A live machine of all respect, Level 42 has strung together a heterogeneous catalog ranging from the brisk, aggressive, and methodical sound of the first six albums to the commercial bend that takes shape starting in 1986 with the album that consecrates them, 'Running In The Family'. An honest work but one that doesn't have the personality and arrogance of the early works. And indeed it is here that the Gould brothers, partly due to pure disagreement and partly due to frayed nerves, abandon the ship, coincidentally the last video we see them in is that of 'It's Over'.
The cord will never be completely cut, the two will continue to contribute to the project even at a distance with the lyrics, and Phil will even attempt a reunion in 1994 for the 'Forever Now' project, but will leave again just before the tour, telling RCA where to go in those years when it had eyes and time only for Take That.

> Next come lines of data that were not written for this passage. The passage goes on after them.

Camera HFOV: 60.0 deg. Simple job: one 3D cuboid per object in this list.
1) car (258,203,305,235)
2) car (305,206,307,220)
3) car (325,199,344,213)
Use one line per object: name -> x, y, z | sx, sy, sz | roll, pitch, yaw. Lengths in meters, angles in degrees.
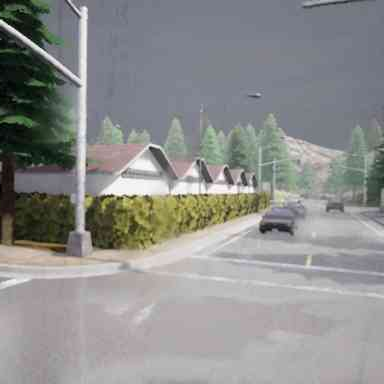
car -> 5.272, 1.601, 19.662 | 2.033, 1.411, 5.357 | 1, 0, 21
car -> 8.904, 1.615, 28.891 | 1.994, 1.385, 4.181 | 1, 0, 22
car -> 17.017, 1.618, 39.684 | 1.837, 1.490, 4.892 | 1, 0, 20
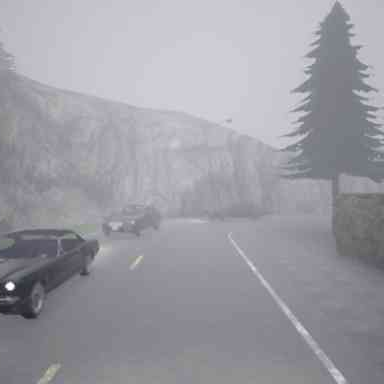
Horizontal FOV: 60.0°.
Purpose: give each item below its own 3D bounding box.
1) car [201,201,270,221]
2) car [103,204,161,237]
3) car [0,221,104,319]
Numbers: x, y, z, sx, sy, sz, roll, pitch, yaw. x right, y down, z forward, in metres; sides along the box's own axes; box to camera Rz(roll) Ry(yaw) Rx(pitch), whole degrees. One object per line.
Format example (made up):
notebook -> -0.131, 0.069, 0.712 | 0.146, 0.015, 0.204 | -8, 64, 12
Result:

This handbook-guide is meticulously immersed in the world of Level 42, dissecting each track, each b-side, body, soul, and every kind of facet. Also present and accounted for are the two first solo works by King and Lindup, 'Influences' and 'Changes'.
As I write, the band, discographically inactive since the 2013 EP 'Sirens', continues to do what it was conceived for: playing.
The concerts, the tours, are countless. From the original core, Mark and Mike remain, accompanied by top-notch session musicians.
Boon left us in 2020, struck down by a heart attack.
I heard from Phil a couple of years ago on Twitter, where he dabbles as a news columnist but always responds to fans and the curious.
He was in Italy, I advised him to stock up on wines, he asked me where he could find top-quality peppers for which he is crazy, I replied that if he passes through Carmagnola he can't go wrong.